Day 60 — Phase 2 Comprehensive Review & Self-Assessment

Phase 2 Complete | Category: Consolidation

What You’ve Built in Phase 2 (Days 31–60)

30 days of advanced, company-specific, and cross-cutting depth. Phase 2 turns Phase 1 foundations into interview-ready fluency at senior/staff level.
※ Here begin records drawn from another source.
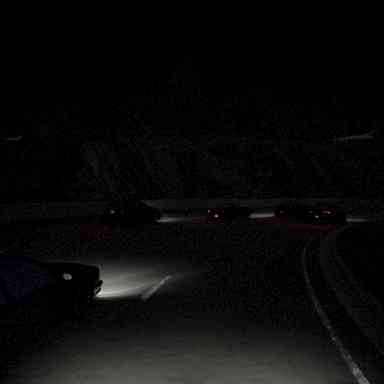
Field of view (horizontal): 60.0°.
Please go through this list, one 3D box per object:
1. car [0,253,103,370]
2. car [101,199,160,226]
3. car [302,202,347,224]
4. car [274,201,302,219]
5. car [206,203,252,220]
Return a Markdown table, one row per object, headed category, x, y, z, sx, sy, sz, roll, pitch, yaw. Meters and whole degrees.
| category | x | y | z | sx | sy | sz | roll | pitch | yaw |
| --- | --- | --- | --- | --- | --- | --- | --- | --- | --- |
| car | -2.997 | 1.522 | 4.280 | 2.033 | 1.411 | 5.357 | 0 | 0 | 8 |
| car | -4.141 | 1.303 | 23.198 | 2.097 | 1.767 | 4.553 | 1 | 0 | 27 |
| car | 10.418 | 1.579 | 25.567 | 1.812 | 1.442 | 4.674 | 0 | 0 | 40 |
| car | 9.079 | 1.518 | 29.287 | 1.882 | 1.535 | 5.008 | 0 | 0 | 43 |
| car | 3.257 | 1.601 | 27.933 | 1.895 | 1.301 | 4.718 | 0 | 0 | 37 |
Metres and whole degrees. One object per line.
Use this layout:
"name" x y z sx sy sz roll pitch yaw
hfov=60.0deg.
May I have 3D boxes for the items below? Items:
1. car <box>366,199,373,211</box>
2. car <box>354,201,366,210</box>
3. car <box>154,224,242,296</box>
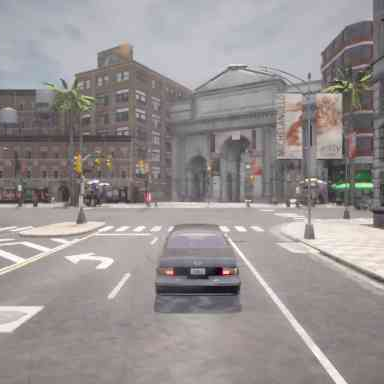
"car" 22.719 1.526 37.518 4.674 1.442 1.812 0 0 1
"car" 22.293 1.564 41.017 4.181 1.385 1.994 0 0 0
"car" 0.114 1.547 8.800 2.033 1.411 5.357 0 0 0
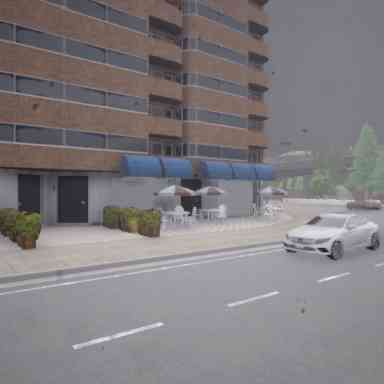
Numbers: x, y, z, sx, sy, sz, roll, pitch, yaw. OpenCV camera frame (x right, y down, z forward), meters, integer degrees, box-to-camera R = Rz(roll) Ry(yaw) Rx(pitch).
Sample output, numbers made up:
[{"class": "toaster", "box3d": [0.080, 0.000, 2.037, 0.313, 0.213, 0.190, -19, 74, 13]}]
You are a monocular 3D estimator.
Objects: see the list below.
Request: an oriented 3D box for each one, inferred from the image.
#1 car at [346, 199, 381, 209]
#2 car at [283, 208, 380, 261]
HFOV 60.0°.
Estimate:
[{"class": "car", "box3d": [21.144, 1.563, 41.140, 1.994, 1.385, 4.181, 0, 0, -16]}, {"class": "car", "box3d": [5.391, 1.525, 12.509, 4.674, 1.442, 1.812, 0, 0, -39]}]
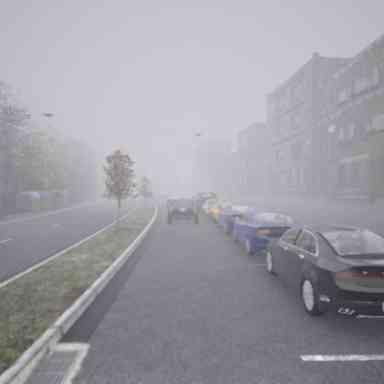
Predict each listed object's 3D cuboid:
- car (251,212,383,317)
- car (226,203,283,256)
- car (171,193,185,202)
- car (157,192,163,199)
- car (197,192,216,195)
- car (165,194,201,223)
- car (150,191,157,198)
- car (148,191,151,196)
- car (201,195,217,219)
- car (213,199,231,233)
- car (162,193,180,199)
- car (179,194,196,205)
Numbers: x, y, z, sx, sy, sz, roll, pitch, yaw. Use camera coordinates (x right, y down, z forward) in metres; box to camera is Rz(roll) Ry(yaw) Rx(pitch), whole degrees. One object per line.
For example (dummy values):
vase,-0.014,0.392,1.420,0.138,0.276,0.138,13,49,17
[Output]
car,2.977,1.450,7.411,2.231,1.521,4.892,0,0,-1
car,2.826,1.423,12.971,2.097,1.535,5.008,0,0,-2
car,-2.648,1.017,62.800,1.946,1.575,5.366,0,1,-11
car,-6.351,0.838,79.020,2.097,1.535,5.008,0,1,-14
car,1.421,1.037,35.217,2.435,2.045,5.566,0,0,-5
car,-0.720,1.229,24.347,2.097,1.767,4.553,0,0,-3
car,-9.154,0.703,89.648,2.231,1.521,4.892,0,1,-15
car,-10.571,0.670,95.015,2.002,1.452,4.674,0,1,-15
car,1.913,1.325,29.831,1.946,1.575,5.366,0,0,-4
car,2.620,1.396,18.535,2.097,1.535,5.008,0,0,-2
car,-2.345,1.219,41.751,1.882,1.535,5.008,0,1,-7
car,-0.718,1.129,51.953,1.946,1.575,5.366,0,1,-8
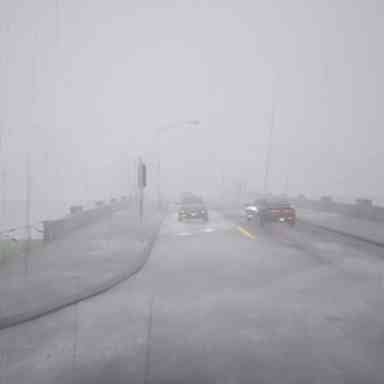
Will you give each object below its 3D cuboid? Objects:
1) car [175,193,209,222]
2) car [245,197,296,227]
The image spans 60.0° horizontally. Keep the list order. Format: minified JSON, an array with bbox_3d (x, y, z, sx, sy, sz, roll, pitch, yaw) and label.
[{"bbox_3d":[-0.017,1.040,22.017,1.837,1.490,4.892,-1,1,-3],"label":"car"},{"bbox_3d":[4.322,1.056,18.861,1.837,1.490,4.892,-1,1,-3],"label":"car"}]
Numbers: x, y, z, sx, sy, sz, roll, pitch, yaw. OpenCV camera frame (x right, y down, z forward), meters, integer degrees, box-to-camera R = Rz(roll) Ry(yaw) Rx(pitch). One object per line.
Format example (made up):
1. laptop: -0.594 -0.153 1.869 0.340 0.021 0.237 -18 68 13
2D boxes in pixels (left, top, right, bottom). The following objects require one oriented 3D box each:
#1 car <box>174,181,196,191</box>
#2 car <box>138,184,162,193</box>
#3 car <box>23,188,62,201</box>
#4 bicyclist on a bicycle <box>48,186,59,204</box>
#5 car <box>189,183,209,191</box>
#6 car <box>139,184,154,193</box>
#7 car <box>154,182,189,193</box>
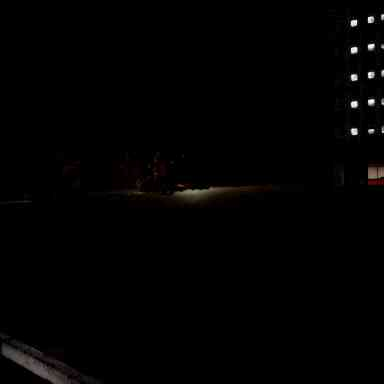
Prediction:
1. car: -1.339 -1.200 63.743 2.097 1.767 4.553 0 2 29
2. car: -7.493 -0.719 59.494 1.812 1.442 4.674 0 2 30
3. car: -18.507 0.235 41.369 1.812 1.442 4.674 0 3 32
4. bicyclist on a bicycle: -12.661 0.252 30.264 1.656 1.620 0.582 -1 2 33
5. car: 1.537 -0.964 62.228 1.895 1.301 4.718 0 2 29
6. car: -6.020 -0.584 55.419 2.033 1.411 5.357 0 2 30
7. car: -3.241 -0.591 53.731 2.033 1.411 5.357 0 2 30
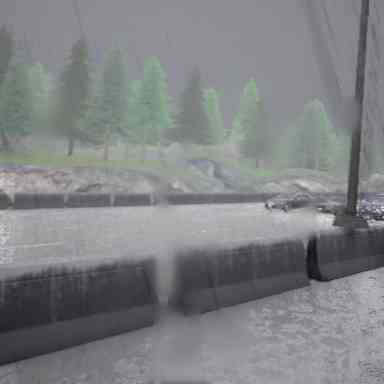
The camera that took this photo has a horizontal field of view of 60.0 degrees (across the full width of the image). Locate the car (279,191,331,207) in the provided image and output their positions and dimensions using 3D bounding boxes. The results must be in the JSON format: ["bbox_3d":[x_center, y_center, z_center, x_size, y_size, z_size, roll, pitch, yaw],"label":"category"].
[{"bbox_3d":[11.274,0.679,33.021,5.357,1.411,2.033,0,2,-35],"label":"car"}]

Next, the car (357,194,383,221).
[{"bbox_3d":[12.257,0.903,20.959,4.553,1.767,2.097,0,2,-34],"label":"car"}]

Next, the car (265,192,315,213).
[{"bbox_3d":[7.928,0.773,26.477,4.902,1.511,2.128,0,2,-34],"label":"car"}]

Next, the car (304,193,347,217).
[{"bbox_3d":[10.443,0.979,23.964,4.181,1.385,1.994,0,2,-34],"label":"car"}]
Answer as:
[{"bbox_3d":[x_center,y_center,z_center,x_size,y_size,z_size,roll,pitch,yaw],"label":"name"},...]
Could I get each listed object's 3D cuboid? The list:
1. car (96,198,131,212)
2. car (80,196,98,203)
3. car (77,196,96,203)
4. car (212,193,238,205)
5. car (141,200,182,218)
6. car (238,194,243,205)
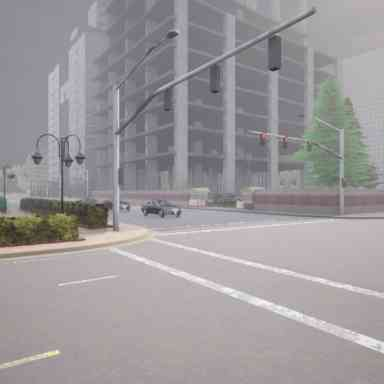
[{"bbox_3d":[-8.694,1.436,37.900,2.128,1.511,4.902,0,0,-36],"label":"car"},{"bbox_3d":[-20.713,1.545,66.671,1.895,1.301,4.718,0,0,-36],"label":"car"},{"bbox_3d":[-14.664,1.509,46.129,1.994,1.385,4.181,0,0,-36],"label":"car"},{"bbox_3d":[4.957,1.114,53.441,1.905,1.878,3.866,0,0,-36],"label":"car"},{"bbox_3d":[-2.819,1.436,29.815,2.128,1.511,4.902,0,0,-36],"label":"car"},{"bbox_3d":[7.346,1.114,55.157,1.905,1.878,3.866,0,0,-36],"label":"car"}]
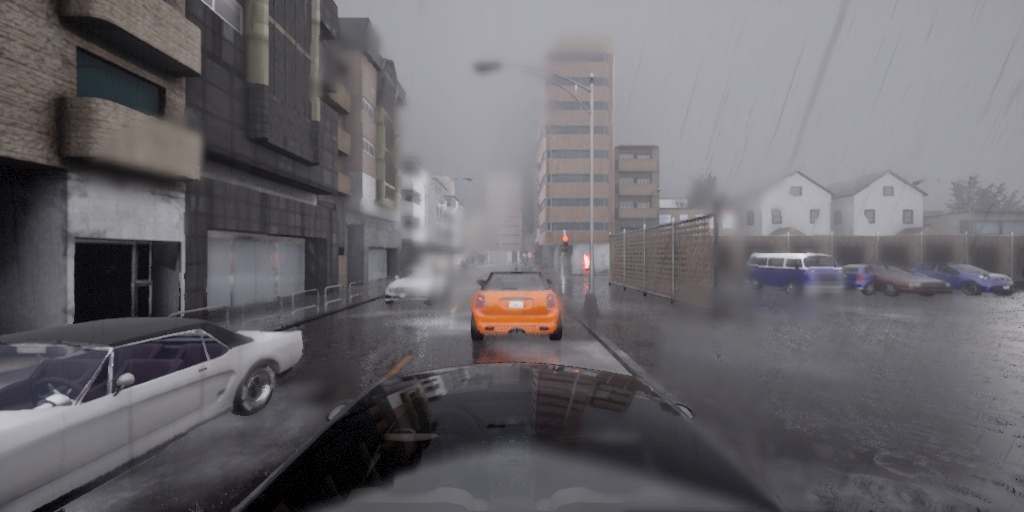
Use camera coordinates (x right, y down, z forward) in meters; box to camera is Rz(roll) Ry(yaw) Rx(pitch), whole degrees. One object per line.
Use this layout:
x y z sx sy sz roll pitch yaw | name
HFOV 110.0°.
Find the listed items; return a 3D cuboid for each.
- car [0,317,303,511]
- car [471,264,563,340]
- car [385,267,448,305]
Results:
-4.096 1.347 3.192 1.895 1.301 4.718 0 0 0 | car
0.102 1.081 10.008 2.097 1.767 4.553 0 0 0 | car
-4.035 1.239 15.851 1.812 1.442 4.674 0 0 1 | car
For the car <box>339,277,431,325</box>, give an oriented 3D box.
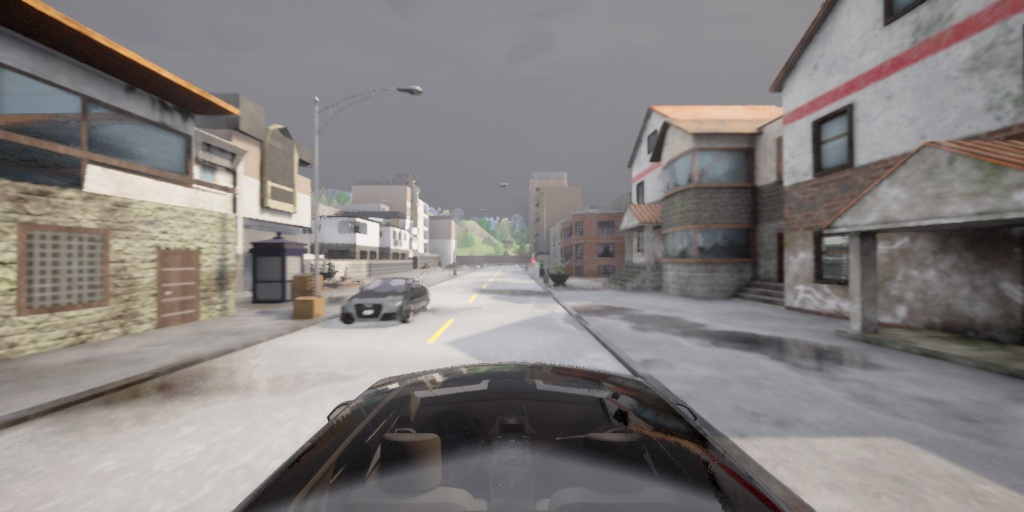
[{"bbox_3d":[-4.104,1.424,12.235,1.994,1.385,4.181,0,0,0],"label":"car"}]
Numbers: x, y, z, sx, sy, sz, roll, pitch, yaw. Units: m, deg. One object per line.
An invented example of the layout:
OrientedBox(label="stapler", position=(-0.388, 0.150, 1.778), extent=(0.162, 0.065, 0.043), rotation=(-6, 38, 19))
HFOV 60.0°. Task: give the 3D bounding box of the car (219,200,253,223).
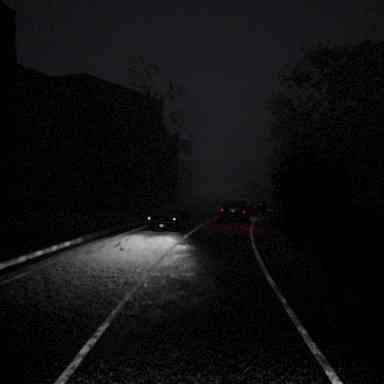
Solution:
OrientedBox(label="car", position=(3.404, 1.398, 25.976), extent=(2.097, 1.767, 4.553), rotation=(1, 0, 13))

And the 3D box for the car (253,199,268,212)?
OrientedBox(label="car", position=(8.414, 1.690, 42.011), extent=(2.128, 1.511, 4.902), rotation=(2, 0, 21))

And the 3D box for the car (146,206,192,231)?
OrientedBox(label="car", position=(-1.291, 1.555, 20.573), extent=(1.895, 1.301, 4.718), rotation=(1, 0, 11))
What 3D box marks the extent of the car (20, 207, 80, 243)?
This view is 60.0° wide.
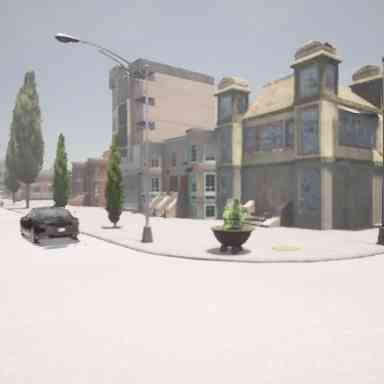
[{"bbox_3d":[-6.993,1.459,16.109,1.882,1.535,5.008,0,0,-36],"label":"car"}]

The Phase 2 Mastery Checklist

Rate each area:

Green: can defend trade-offs fluently
Yellow: know the concept, struggle under pressure
Red: need review

Company-Specific Patterns (Days 31–40)

Meta (Days 31–32)

Can you articulate Meta’s “scale baseline” and how it drives design decisions?
Can you design the News Feed data pipeline including fan-out-on-write vs fan-out-on-read for celebrity accounts?
Can you explain the four ranking stages and what features the DE provides for each?
Can you describe the stack: Scribe → Flink → Presto + Hive/Iceberg → Scuba + Presto?

Netflix (Days 33–34)

Can you explain Netflix’s Iceberg-first architecture and why Iceberg exists?
Can you design the recommendation pipeline with online (Flink → Cassandra) and offline (Spark → Iceberg) feature paths?
Can you explain the two-tower model and what DE builds to support it?
Can you describe Netflix’s culture of ownership and how it shows up in interview answers?

Google (Days 35–36)

Can you explain BigQuery internals: Capacitor + Colossus + Dremel + Jupiter?
Can you choose between Dataflow and Dataproc with specific justification?
Can you design a GCP-native pipeline (Pub/Sub → Dataflow → BigQuery) and identify when not to use BigQuery?
Can you cite the cost optimization hierarchy: require_partition_filter → partitioning → clustering → materialized views → BI Engine?

OpenAI (Days 37–38)

Can you design an LLM training data pipeline: ingestion → PII gate → bronze → dedup (MinHash LSH) → quality filter → toxicity filter → gold?
Can you explain the RLHF data pipeline and the preference data model?
Can you explain the LLM-as-transformer pattern and its cost/quality trade-offs?
Can you describe the quality gates that block a training run?

Anthropic (Days 39–40)

Can you describe the progressive-complexity interview style and respond to evolving constraints?
Can you design a distributed search system with hybrid BM25 + vector retrieval?
Can you explain HNSW vs IVF-PQ trade-offs at billion-vector scale?
Can you proactively integrate safety considerations without being asked?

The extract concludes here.